> _What you will do_:
Search the material below for the string "forward" and copy each line where it appears.

******************************

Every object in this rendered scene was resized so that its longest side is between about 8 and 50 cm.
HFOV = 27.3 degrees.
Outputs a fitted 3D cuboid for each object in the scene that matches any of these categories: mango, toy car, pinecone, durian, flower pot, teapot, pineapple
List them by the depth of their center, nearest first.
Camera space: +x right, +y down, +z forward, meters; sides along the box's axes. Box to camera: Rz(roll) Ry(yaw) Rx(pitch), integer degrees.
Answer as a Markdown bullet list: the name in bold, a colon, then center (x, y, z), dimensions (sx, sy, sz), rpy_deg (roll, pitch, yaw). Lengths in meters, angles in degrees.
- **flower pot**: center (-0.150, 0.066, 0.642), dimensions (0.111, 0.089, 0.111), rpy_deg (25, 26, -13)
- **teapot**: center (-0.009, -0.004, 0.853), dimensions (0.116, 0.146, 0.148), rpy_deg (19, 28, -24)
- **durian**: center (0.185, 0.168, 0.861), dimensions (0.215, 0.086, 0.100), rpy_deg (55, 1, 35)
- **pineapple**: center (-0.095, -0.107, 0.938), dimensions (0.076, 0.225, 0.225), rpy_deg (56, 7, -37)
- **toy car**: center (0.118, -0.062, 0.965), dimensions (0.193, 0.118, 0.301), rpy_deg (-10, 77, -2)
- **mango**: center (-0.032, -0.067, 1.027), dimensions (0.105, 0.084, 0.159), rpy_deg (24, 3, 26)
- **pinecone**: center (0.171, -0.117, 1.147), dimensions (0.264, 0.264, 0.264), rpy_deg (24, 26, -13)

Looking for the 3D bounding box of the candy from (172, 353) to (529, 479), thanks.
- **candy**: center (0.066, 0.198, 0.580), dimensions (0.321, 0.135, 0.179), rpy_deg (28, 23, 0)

******************************

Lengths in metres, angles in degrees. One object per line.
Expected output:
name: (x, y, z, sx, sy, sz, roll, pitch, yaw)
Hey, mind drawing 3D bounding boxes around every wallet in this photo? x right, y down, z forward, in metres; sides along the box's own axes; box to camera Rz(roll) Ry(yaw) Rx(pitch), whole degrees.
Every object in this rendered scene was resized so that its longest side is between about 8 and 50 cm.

******************************

> _Finished exercise_:
Camera space: +x right, +y down, +z forward, meters; sides along the box's axes. Box to camera: Rz(roll) Ry(yaw) Rx(pitch), integer degrees.
Hey, mind drawing 3D bounding boxes around every wallet in this photo? x right, y down, z forward, in metres; sides along the box's own axes; box to camera Rz(roll) Ry(yaw) Rx(pitch), whole degrees.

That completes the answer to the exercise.